Task statement:
Give again, word for word, every line below from the one that has "Horizontal FOV: 27.6°." through the one that has "For example (dummy", both included, and no others.

Data section:
=== Begin Enclosure ===

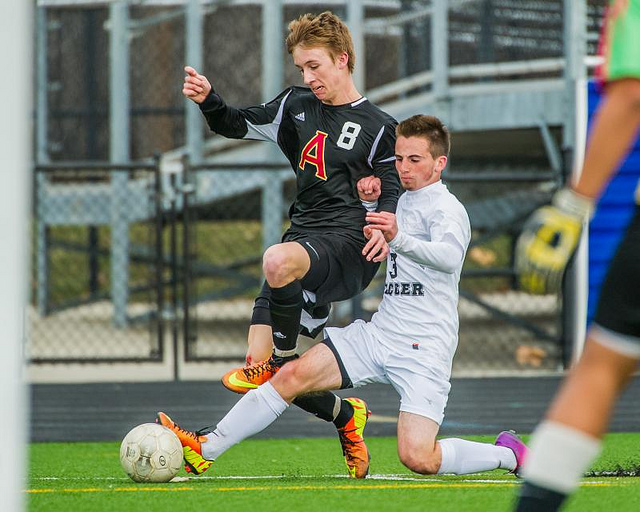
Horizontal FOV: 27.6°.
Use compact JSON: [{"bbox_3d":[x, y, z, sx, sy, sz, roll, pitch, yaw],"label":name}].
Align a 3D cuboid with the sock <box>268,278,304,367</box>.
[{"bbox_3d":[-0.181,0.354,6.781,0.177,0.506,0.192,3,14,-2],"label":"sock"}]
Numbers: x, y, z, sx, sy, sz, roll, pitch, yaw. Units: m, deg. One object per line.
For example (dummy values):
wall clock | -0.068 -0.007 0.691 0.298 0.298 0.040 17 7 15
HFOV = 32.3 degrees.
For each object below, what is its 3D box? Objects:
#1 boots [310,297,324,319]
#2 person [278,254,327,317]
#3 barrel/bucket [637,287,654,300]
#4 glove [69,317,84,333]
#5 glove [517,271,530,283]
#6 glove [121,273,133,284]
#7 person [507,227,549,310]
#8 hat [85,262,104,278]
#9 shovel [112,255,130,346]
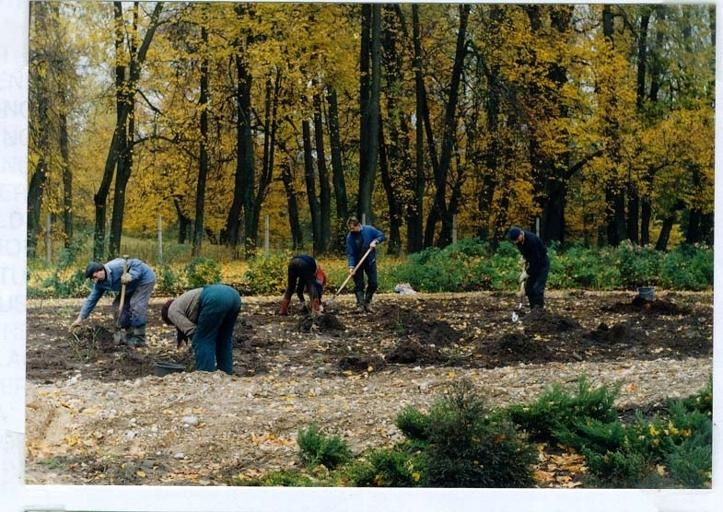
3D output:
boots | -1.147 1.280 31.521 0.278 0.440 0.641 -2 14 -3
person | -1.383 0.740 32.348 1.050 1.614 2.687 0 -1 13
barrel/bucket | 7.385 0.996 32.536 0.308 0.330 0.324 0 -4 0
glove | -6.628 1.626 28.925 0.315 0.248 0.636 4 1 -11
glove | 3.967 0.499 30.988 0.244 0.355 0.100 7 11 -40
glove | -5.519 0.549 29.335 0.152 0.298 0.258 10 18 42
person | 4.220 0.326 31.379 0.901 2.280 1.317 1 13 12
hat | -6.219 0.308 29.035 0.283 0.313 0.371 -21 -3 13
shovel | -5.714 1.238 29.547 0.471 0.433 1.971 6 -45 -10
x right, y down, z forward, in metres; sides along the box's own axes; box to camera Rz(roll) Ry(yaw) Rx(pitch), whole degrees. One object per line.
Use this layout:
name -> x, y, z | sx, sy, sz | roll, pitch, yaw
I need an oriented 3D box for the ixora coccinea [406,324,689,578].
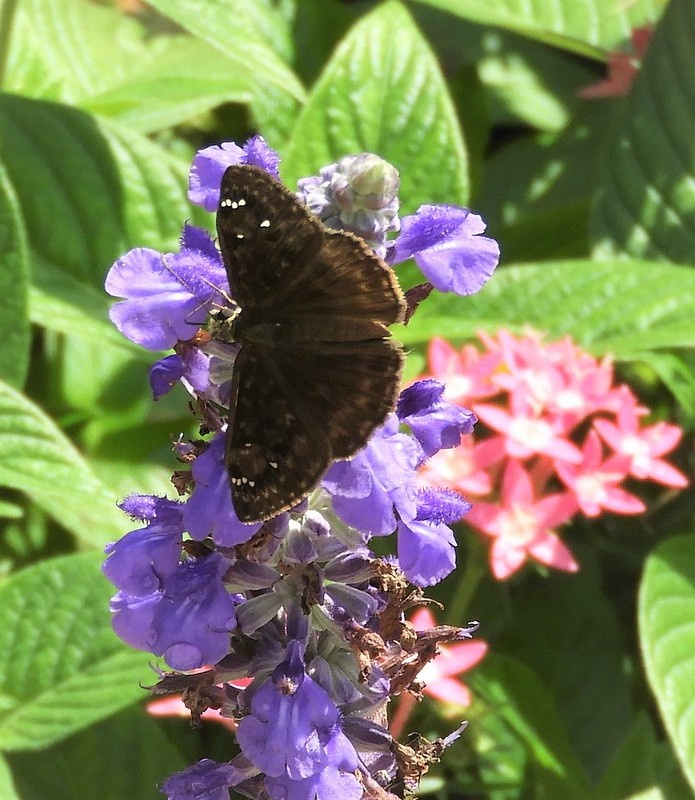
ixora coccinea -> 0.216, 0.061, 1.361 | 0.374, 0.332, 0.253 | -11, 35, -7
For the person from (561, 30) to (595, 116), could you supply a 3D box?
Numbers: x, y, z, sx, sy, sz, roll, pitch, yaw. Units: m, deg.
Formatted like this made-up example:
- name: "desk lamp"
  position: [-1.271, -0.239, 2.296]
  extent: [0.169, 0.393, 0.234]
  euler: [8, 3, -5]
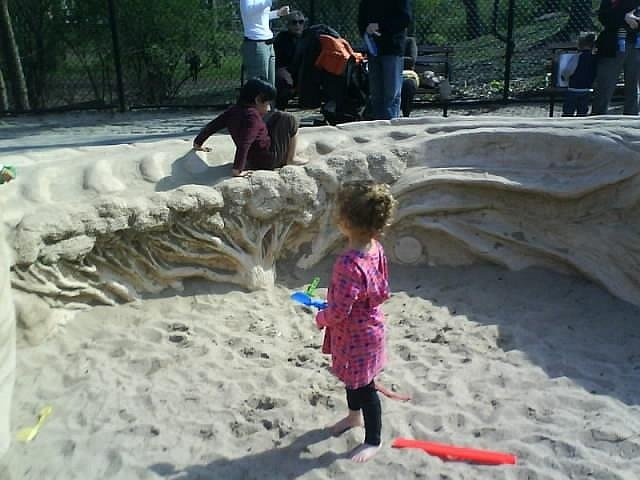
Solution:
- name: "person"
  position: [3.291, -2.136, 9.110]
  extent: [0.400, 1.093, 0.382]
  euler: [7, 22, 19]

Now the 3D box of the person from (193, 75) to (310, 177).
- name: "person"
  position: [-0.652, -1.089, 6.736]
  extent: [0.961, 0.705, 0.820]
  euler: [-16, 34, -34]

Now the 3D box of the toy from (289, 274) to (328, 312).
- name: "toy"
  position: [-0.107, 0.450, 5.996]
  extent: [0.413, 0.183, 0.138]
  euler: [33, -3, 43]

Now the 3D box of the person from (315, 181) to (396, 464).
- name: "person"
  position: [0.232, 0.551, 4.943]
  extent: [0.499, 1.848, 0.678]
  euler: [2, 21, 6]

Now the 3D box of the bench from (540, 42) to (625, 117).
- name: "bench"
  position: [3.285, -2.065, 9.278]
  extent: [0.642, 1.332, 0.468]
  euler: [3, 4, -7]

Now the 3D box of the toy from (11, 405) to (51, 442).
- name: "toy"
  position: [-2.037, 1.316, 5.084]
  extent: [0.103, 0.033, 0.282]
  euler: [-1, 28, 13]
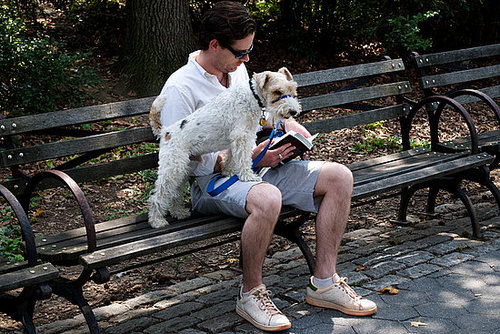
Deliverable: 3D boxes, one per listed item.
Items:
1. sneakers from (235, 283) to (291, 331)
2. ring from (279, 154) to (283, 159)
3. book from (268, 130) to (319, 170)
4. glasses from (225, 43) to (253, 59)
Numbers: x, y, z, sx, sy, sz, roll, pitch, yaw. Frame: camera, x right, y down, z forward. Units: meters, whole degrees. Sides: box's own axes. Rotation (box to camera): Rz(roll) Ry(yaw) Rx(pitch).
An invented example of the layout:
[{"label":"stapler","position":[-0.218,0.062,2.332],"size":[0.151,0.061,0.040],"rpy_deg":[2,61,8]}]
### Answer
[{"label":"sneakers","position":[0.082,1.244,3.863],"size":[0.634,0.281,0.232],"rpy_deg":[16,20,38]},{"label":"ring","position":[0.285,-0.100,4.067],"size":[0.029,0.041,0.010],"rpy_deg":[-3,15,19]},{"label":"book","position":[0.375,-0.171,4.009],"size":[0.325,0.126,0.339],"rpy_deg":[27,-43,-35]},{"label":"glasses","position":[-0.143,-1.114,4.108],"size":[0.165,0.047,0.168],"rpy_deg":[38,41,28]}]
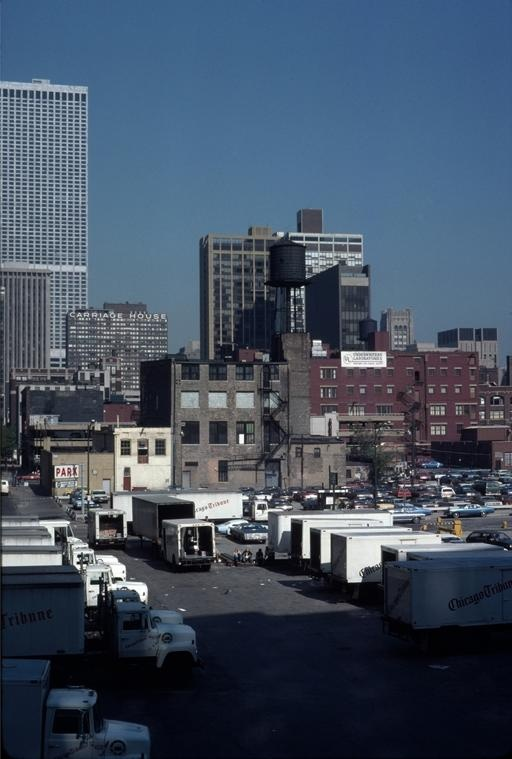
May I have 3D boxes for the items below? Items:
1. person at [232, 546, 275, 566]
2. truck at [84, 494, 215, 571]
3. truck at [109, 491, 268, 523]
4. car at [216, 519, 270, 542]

=== End Enclosure ===
=== Begin Enclosure ===

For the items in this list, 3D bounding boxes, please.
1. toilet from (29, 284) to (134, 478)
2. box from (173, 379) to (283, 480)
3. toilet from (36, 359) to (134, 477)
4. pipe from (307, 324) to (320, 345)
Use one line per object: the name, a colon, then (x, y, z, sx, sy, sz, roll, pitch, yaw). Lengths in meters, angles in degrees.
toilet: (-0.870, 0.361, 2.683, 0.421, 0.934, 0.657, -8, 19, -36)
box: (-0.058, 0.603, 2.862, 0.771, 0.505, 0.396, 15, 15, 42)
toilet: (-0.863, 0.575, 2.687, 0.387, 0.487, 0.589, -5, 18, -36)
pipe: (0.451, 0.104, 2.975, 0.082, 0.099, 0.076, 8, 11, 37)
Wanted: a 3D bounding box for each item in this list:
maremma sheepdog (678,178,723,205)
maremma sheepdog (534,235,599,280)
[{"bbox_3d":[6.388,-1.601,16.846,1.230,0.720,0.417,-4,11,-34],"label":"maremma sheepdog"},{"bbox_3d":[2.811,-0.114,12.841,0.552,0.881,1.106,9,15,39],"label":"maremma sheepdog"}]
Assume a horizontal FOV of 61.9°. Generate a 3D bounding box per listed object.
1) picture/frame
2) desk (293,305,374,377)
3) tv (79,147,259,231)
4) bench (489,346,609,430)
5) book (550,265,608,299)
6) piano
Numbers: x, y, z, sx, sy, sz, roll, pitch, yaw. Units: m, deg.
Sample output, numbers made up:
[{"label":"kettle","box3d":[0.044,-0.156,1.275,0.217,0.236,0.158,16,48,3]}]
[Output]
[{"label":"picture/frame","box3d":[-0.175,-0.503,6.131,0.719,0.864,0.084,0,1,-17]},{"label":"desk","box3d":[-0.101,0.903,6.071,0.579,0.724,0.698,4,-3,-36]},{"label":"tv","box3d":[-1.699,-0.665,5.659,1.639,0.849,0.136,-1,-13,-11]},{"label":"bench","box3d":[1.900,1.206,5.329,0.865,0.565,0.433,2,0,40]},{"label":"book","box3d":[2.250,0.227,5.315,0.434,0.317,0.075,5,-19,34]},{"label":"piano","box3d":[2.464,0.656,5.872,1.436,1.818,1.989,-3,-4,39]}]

=== End Enclosure ===

Reply:
Horizontal FOV: 27.6°.
Use compact JSON: [{"bbox_3d":[x, y, z, sx, sy, sz, roll, pitch, yaw],"label":name}].
Align a 3D cuboid with the sock <box>268,278,304,367</box>.
[{"bbox_3d":[-0.181,0.354,6.781,0.177,0.506,0.192,3,14,-2],"label":"sock"}]
Numbers: x, y, z, sx, sy, sz, roll, pitch, yaw. Units: m, deg. One object per line.
For example (dummy values):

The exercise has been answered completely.